**TASK DESCRIPTION**
Pick each line that has "enumerate" out of the records.
****
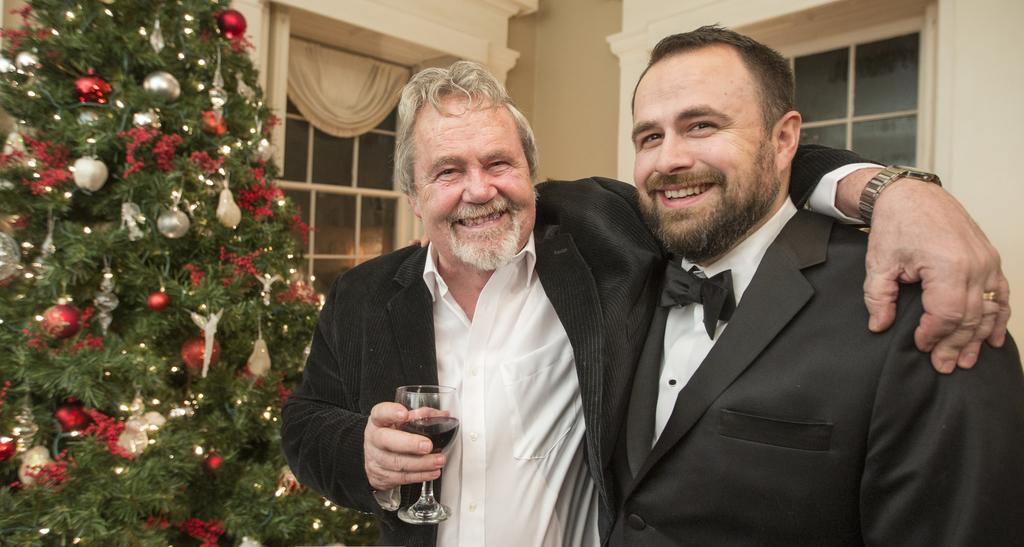What is the main object in the image? There is a Christmas tree in the image. How many people are in the image? There are two people in the image. What are the people doing in the image? The people are standing and holding glasses. What type of clover can be seen growing around the Christmas tree in the image? There is no clover present in the image; it is a Christmas tree with no plants around it. 
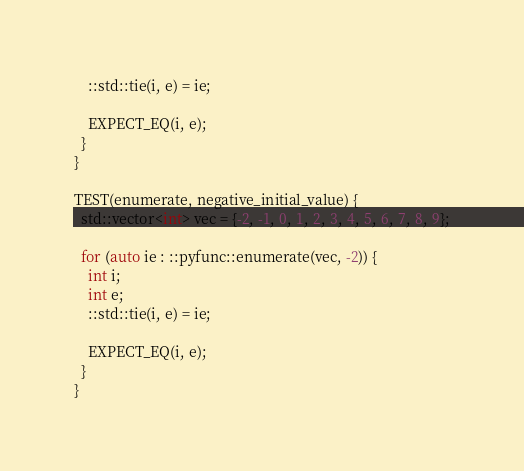<code> <loc_0><loc_0><loc_500><loc_500><_C++_>    ::std::tie(i, e) = ie;

    EXPECT_EQ(i, e);
  }
}

TEST(enumerate, negative_initial_value) {
  std::vector<int> vec = {-2, -1, 0, 1, 2, 3, 4, 5, 6, 7, 8, 9};

  for (auto ie : ::pyfunc::enumerate(vec, -2)) {
    int i;
    int e;
    ::std::tie(i, e) = ie;

    EXPECT_EQ(i, e);
  }
}
</code> 
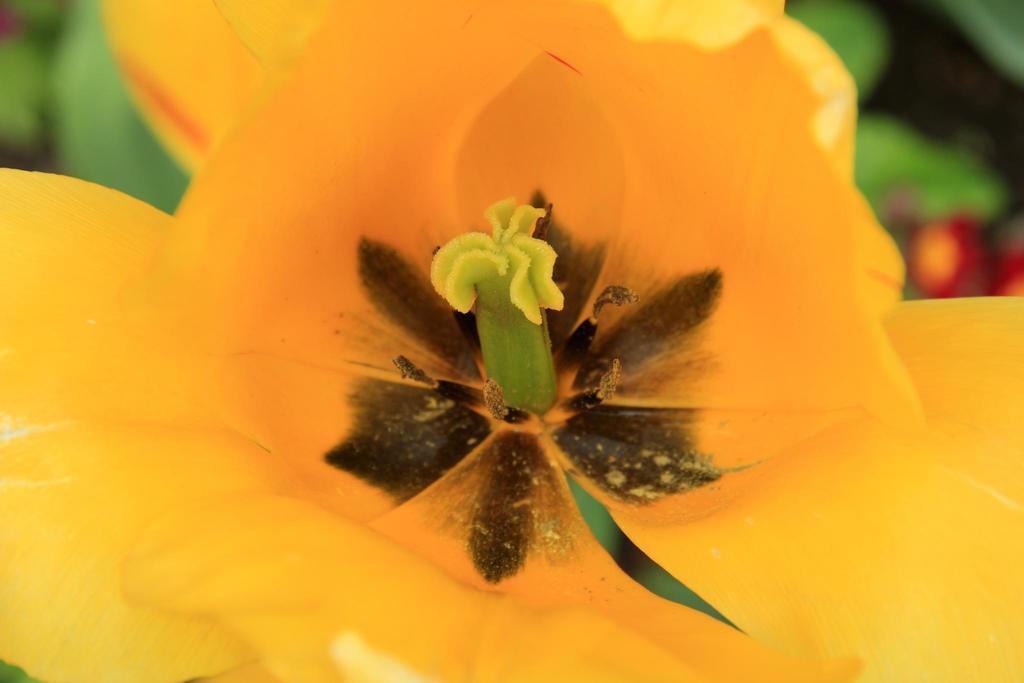Describe this image in one or two sentences. In this image in the front there is a flower and the background is blurry. 
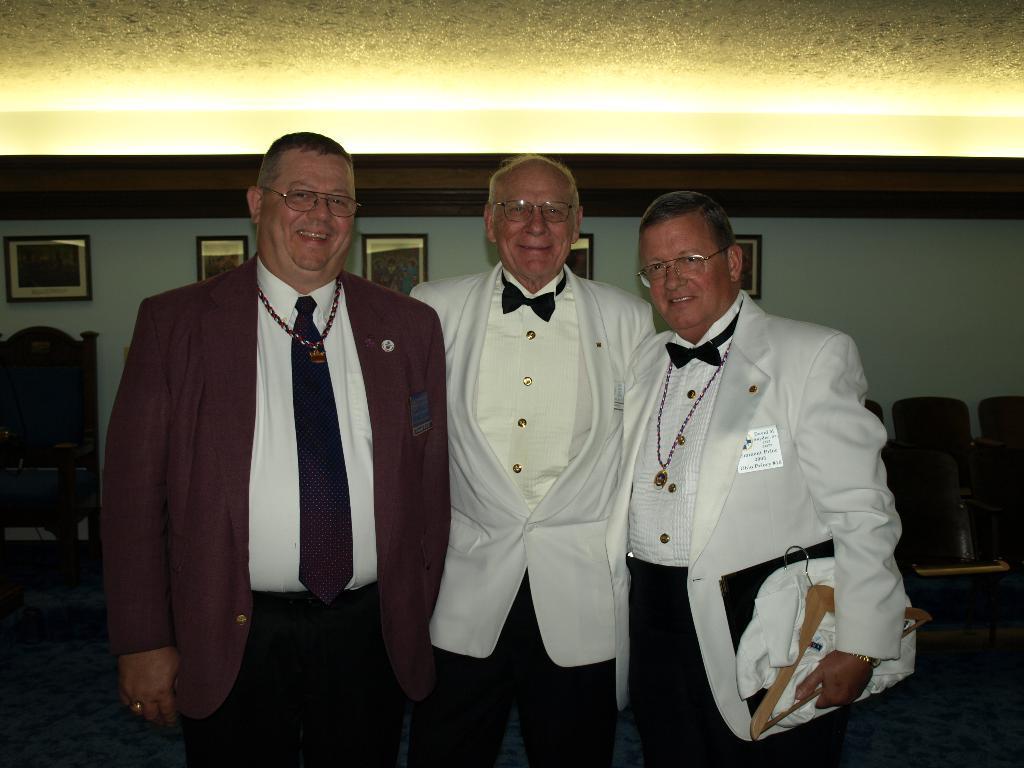Describe this image in one or two sentences. In this picture I can see few men standing and they wore spectacles on their faces and I can see a man holding a file, hanger and a cloth in his hand and I can see few photo frames on the wall and I can see few chairs and a table and I can see lights on the ceiling. 
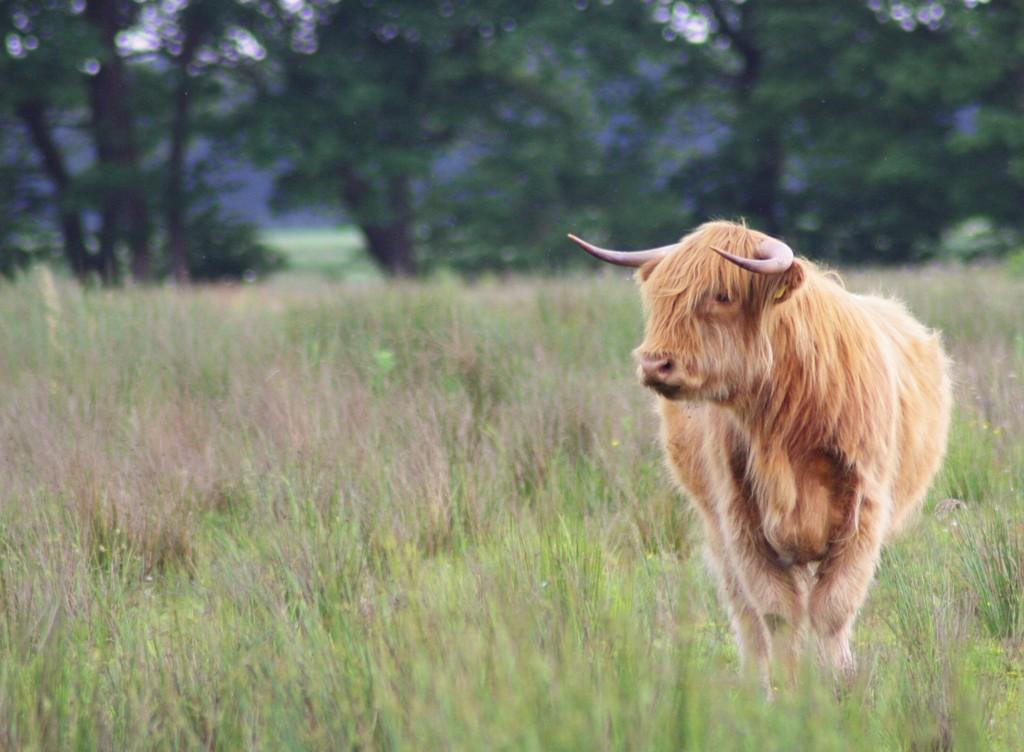What type of animal can be seen in the image? There is an animal in the image, but its specific type cannot be determined from the provided facts. Where is the animal located in the image? The animal is standing at the right side of the image. What can be seen in the background of the image? There are trees and grassland visible in the background of the image. What type of glove is the animal wearing in the image? There is no mention of a glove in the image, and the animal is not wearing any clothing. 
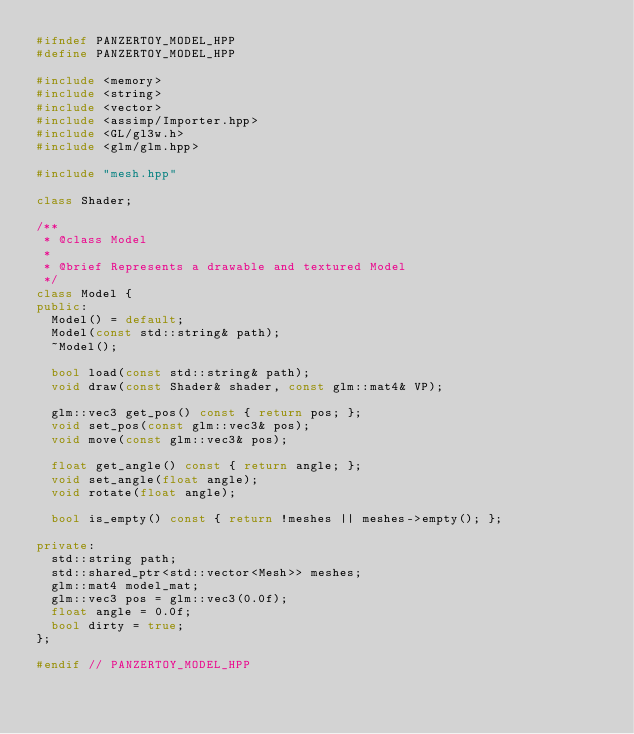<code> <loc_0><loc_0><loc_500><loc_500><_C++_>#ifndef PANZERTOY_MODEL_HPP
#define PANZERTOY_MODEL_HPP

#include <memory>
#include <string>
#include <vector>
#include <assimp/Importer.hpp>
#include <GL/gl3w.h>
#include <glm/glm.hpp>

#include "mesh.hpp"

class Shader;

/**
 * @class Model
 *
 * @brief Represents a drawable and textured Model
 */
class Model {
public:
	Model() = default;
	Model(const std::string& path);
	~Model();

	bool load(const std::string& path);
	void draw(const Shader& shader, const glm::mat4& VP);

	glm::vec3 get_pos() const { return pos; };
	void set_pos(const glm::vec3& pos);
	void move(const glm::vec3& pos);

	float get_angle() const { return angle; };
	void set_angle(float angle);
	void rotate(float angle);

	bool is_empty() const { return !meshes || meshes->empty(); };

private:
	std::string path;
	std::shared_ptr<std::vector<Mesh>> meshes;
	glm::mat4 model_mat;
	glm::vec3 pos = glm::vec3(0.0f);
	float angle = 0.0f;
	bool dirty = true;
};

#endif // PANZERTOY_MODEL_HPP
</code>
****
**TASK OUTPUT**
TEST(enumerate, negative_initial_value) {
  for (auto ie : ::pyfunc::enumerate(vec, -2)) {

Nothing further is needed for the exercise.